Final answer:
In biochemistry, the α-carbon of an amino acid is designated as the central, asymmetric carbon to which an amino group (-NH₂), a carboxyl group (-COOH), a hydrogen atom, and a side chain (R group) are attached. This R group varies for different amino acids, determining their unique properties and function in proteins. Except for glycine, the α-carbon is chiral due to being bound to four different groups.
Step-by-step explanation:
To designate the carbons in an amino acid biochemically, we focus on the α-carbon, which is the central, asymmetric carbon atom in the amino acid structure. The α-carbon is covalently bonded to an amino group (-NH₂), a carboxylic acid group (-COOH), a hydrogen atom (H), and a side chain, often denoted as the 'R group'. This R group is what differentiates one amino acid from another, and except for glycine, the α-carbon is bound to four different groups, making most amino acids chiral and optically active.
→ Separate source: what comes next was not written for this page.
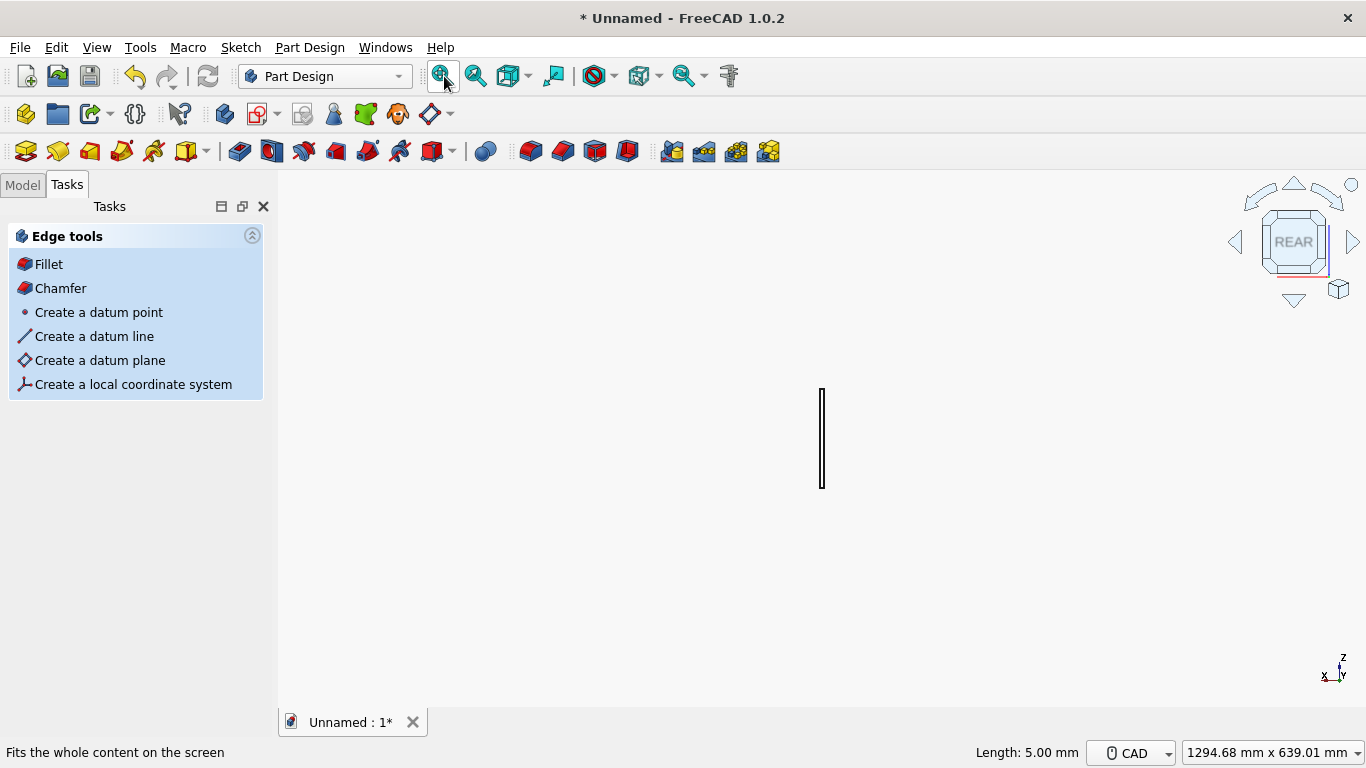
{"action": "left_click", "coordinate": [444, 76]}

The designation of the α-carbon is essential as it helps in understanding the structure and properties of amino acids and the proteins they form. For instance, when looking at a Fisher projection representation, the carboxylic acid group (-COOH) is typically placed on top, and the amino group (-NH₂) will be on the left or right side. Except for glycine which has two hydrogen atoms attached to the α-carbon, making it non-chiral, the 19 other standard amino acids have a unique side chain connected to the α-carbon, providing a distinct three-dimensional structure that influences the protein's characteristics and function.